[Source data]
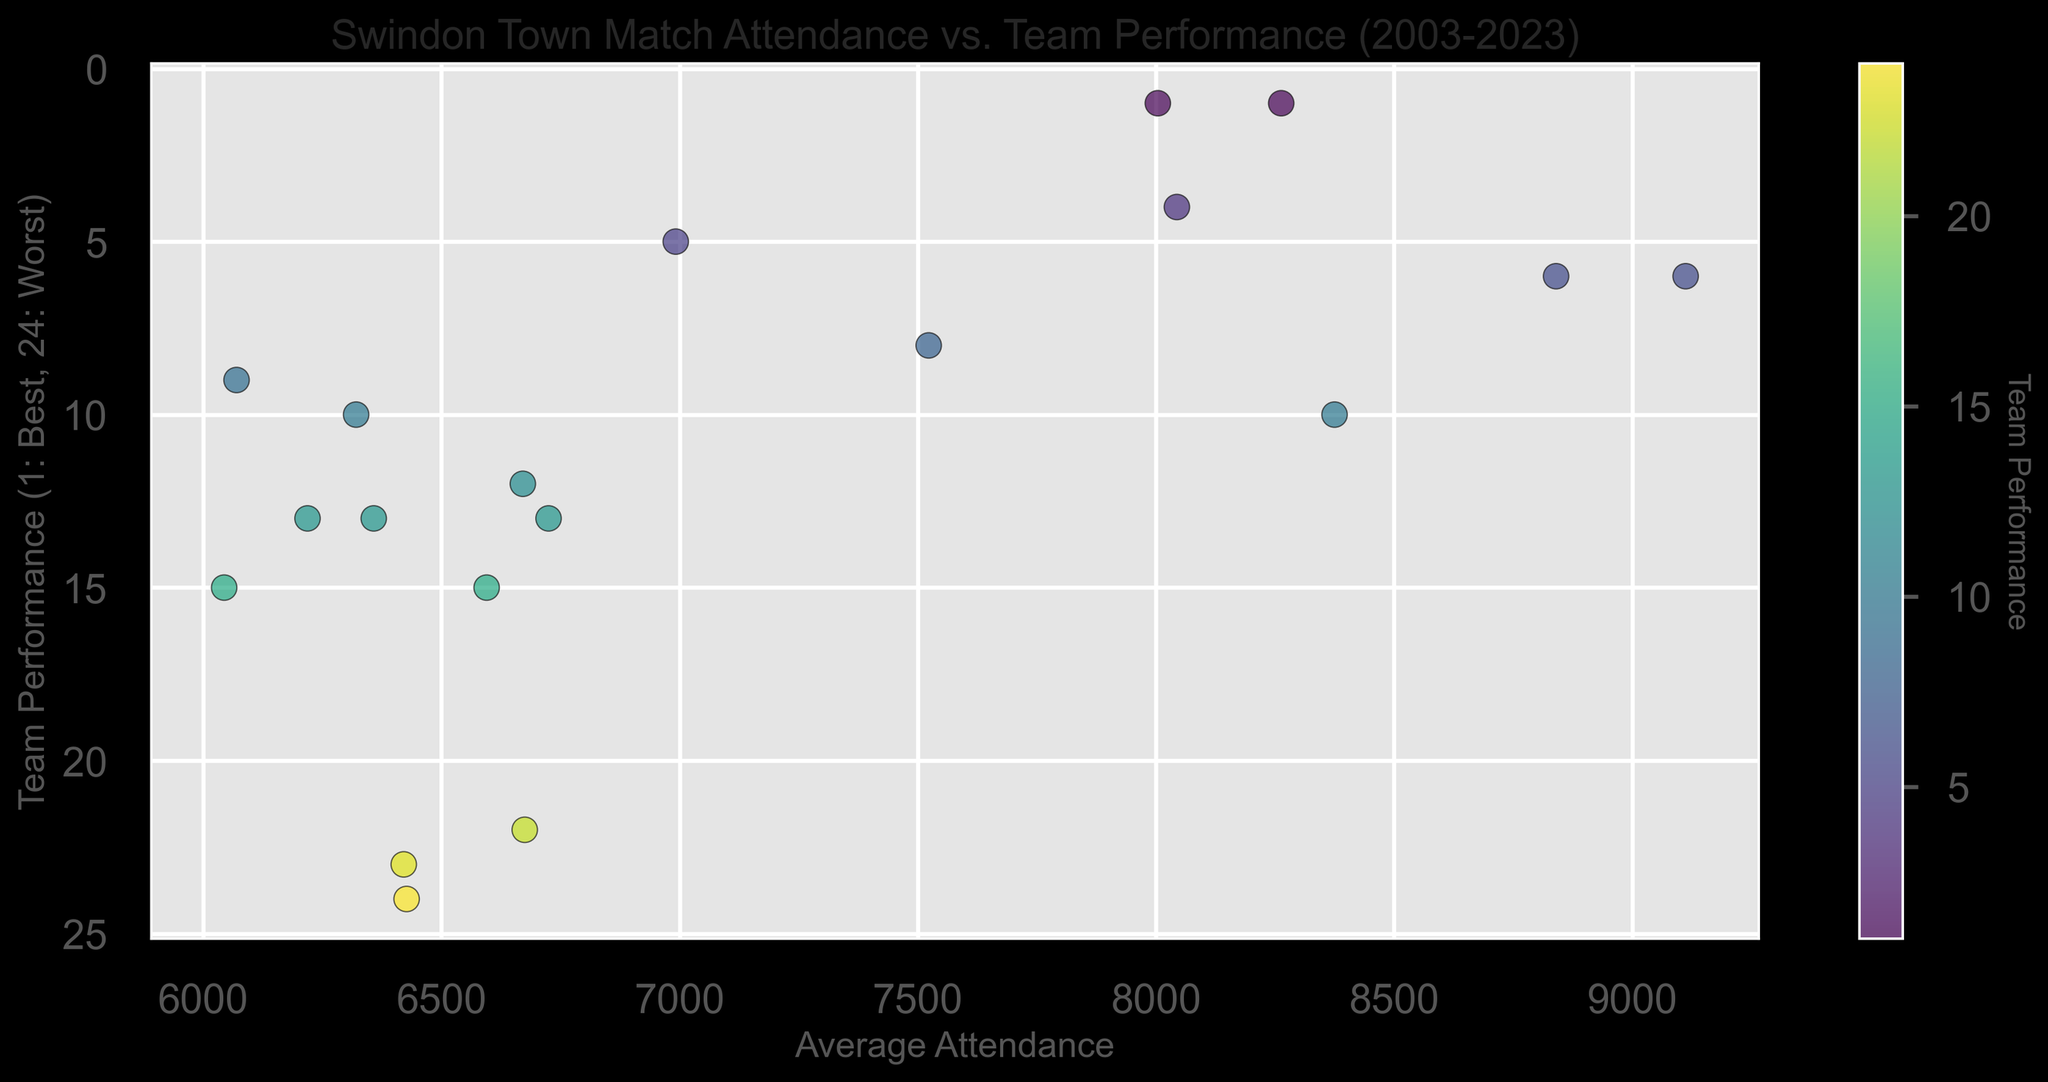What's the general trend between average attendance and team performance? From the scatter plot, there's a general trend where better team performance (lower numeric rank) tends to correspond with higher average attendance, evidenced by the upward clustering of points towards the left side of the x-axis.
Answer: Better performance generally correlates with higher attendance Which season had the highest average attendance and what was the team performance that year? By observing the scatter plot, the highest average attendance occurs around 9112 for the 2021-2022 season. The corresponding team performance is 6.
Answer: 2021-2022 season, performance rank 6 What can be inferred from points that are darker in color? The plot uses a color gradient where darker colors represent better team performance (lower numeric rank). Thus, points with darker colors suggest seasons with higher team performance.
Answer: Better team performance How did the average attendance compare between the 2009-2010 and 2011-2012 seasons? In the plot, the point for the 2009-2010 season (approx. 6992) is lower compared to the point for the 2011-2012 season (approx. 8004). Therefore, the average attendance was higher in the 2011-2012 season.
Answer: Higher in 2011-2012 Which performance rank corresponds to the lowest average attendance? From the scatter plot, the point with the lowest average attendance is around 6044, which corresponds to a team performance rank of 15.
Answer: Performance rank 15 What is the relationship between attendance and team performance for the best performing season? The best performing seasons are marked as having a rank of 1. These points are generally placed higher on the y-axis, showing high average attendance (approximately 8004 and 8263). This indicates that in the best-performing seasons, the average attendance was high.
Answer: High attendance for best performance How did the average attendance and performance vary in the seasons where the team ranked 1st? From the scatter plot, there are two points where the team performance is ranked 1 (one in 2011-2012 with around 8004 attendance and another in 2019-2020 with around 8263 attendance). So, both seasons show a relatively high average attendance.
Answer: High average attendance in both seasons For seasons with an average attendance above 8000, what range of performance ranks is observed? Observing the plot, there are several points with average attendance above 8000, and their performance ranks range between 1 and 10. This indicates better team performances.
Answer: Range from 1 to 10 Calculate the average performance rank for seasons with attendance above 8000. Points with attendance above 8000 include performance ranks of 1, 6, 4, 1, and 6. Summing these up: (1+6+4+1+6) = 18, and there are 5 seasons, so the average is 18/5 = 3.6.
Answer: 3.6 Identify any outlier(s) regarding attendance vs. performance and explain why they seem unusual. An outlier might be a season that doesn’t follow the general trend where better performance corresponds with higher attendance. A key outlier is the season with an attendance around 9112 (2021-2022) and performance rank 6, which stands out with distinctly high attendance compared to its performance rank.
Answer: Attendance: 9112, Performance: 6 
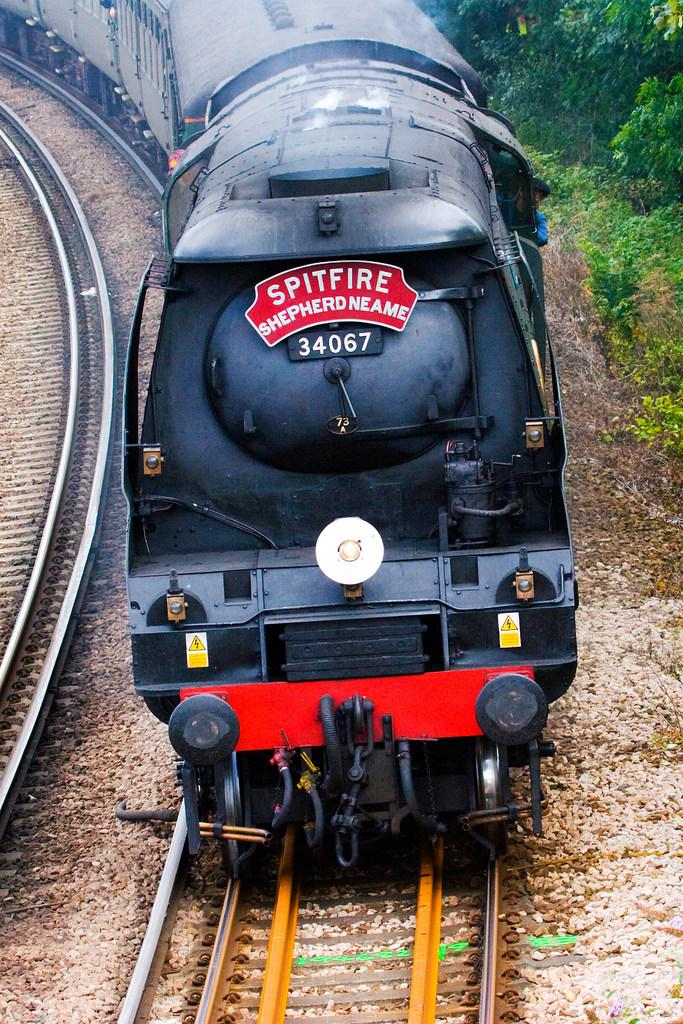What is the main subject of the image? There is a train in the image. Can you describe the train's position in the image? The train is on a track. What type of natural scenery can be seen in the image? There are trees visible in the top right of the image. What type of pest can be seen crawling on the train in the image? There is no pest visible on the train in the image. What type of liquid is being transported by the train in the image? There is no indication of any liquid being transported by the train in the image. 
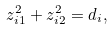<formula> <loc_0><loc_0><loc_500><loc_500>z _ { i 1 } ^ { 2 } + z _ { i 2 } ^ { 2 } = d _ { i } ,</formula>

- Work required:
Reproduce every line from the preceding data in which the word "above" can be found.

- Answer:
Answer: High average attendance in both seasons For seasons with an average attendance above 8000, what range of performance ranks is observed? Observing the plot, there are several points with average attendance above 8000, and their performance ranks range between 1 and 10. This indicates better team performances.
Answer: Range from 1 to 10 Calculate the average performance rank for seasons with attendance above 8000. Points with attendance above 8000 include performance ranks of 1, 6, 4, 1, and 6. Summing these up: (1+6+4+1+6) = 18, and there are 5 seasons, so the average is 18/5 = 3.6.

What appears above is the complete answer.